Cleve Lewis

Personal information
- Full name: Cleveland Lewis
- Date of birth: November 1, 1955 (age 70)
- Place of birth: Birmingham, Alabama, United States
- Position: Forward

Youth career
- 1973: Kennedy High School (Willingboro, NJ)

College career
- Years: Team / Apps / (Gls)
- 1974–1978: Brandeis University

Senior career*
- Years: Team / Apps / (Gls)
- 1978: Memphis Rogues / 3 / (0)
- 1979: New Jersey Americans

= Cleveland Lewis =

American soccer player

Cleveland "Cleve" Lewis (born November 1, 1955) is an American retired professional soccer player who was the first African American drafted by the North American Soccer League.

==Career==
Lewis was born November 1, 1955, in Birmingham, Alabama. Raised in Willingboro Township, New Jersey, he attended John F. Kennedy High School, scoring more than 100 goals in his high school career and earning all-state honors as a senior.

Lewis was an All-America selection at Brandeis University and captain of the 1976 NCAA Division III Men's Soccer Championship winning team. He was named MVP of the championship final, scoring both goals, including the golden goal in double overtime. By the time he graduated he was the school's all-time leader in goals with 58.

In January 1978 he was selected by the Soccer Bowl '77 champion, Cosmos in the first round of the NASL's 1978 college draft, but never played for them. Acquired by the Memphis Rogues of the North American Soccer League, he appeared in three regular season matches for Memphis in 1978. He joined the New Jersey Americans of the American Soccer League in 1979. After a brief stay in the preseason camp of the Houston Hurricane in 1980, Lewis decided to retire from professional soccer.
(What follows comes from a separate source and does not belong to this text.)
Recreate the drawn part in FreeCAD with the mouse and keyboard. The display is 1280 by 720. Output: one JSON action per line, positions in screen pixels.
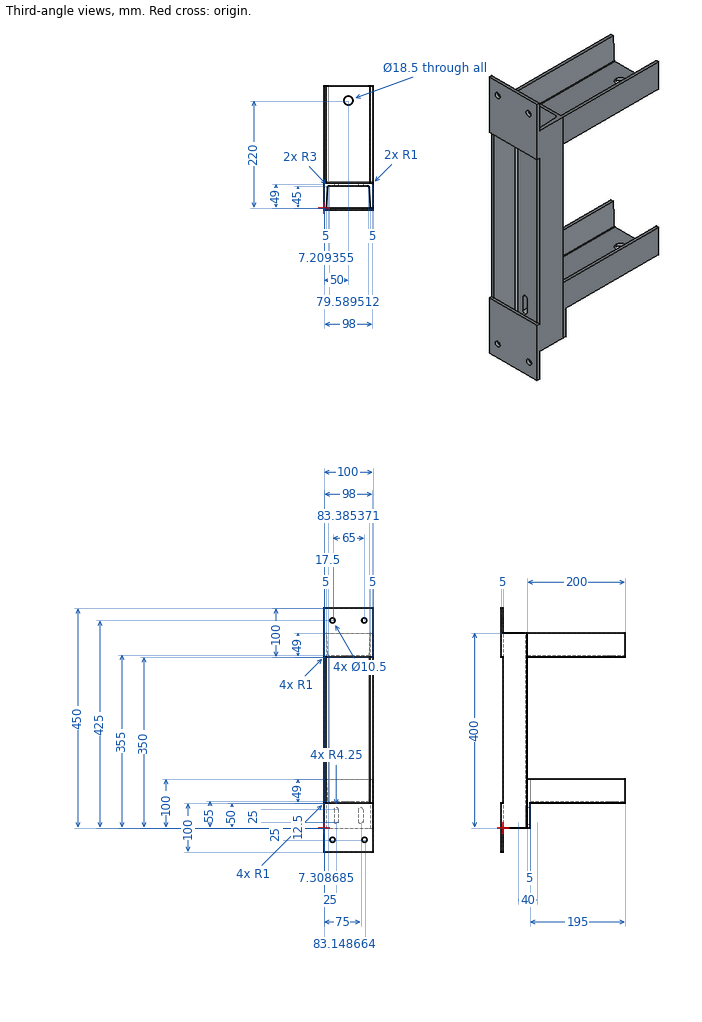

In 1993 he was inducted into the Brandeis University Athletics Hall of Fame as an inaugural member.

==Personal life==
Lewis is the son of former U.S. hurdler Evelyn Lawler, and the older brother of U.S. Olympic gold medalist Carl Lewis, and U.S. Olympian Carol Lewis. He was named after his mother's Tuskegee University track and field coach, Cleveland Abbott.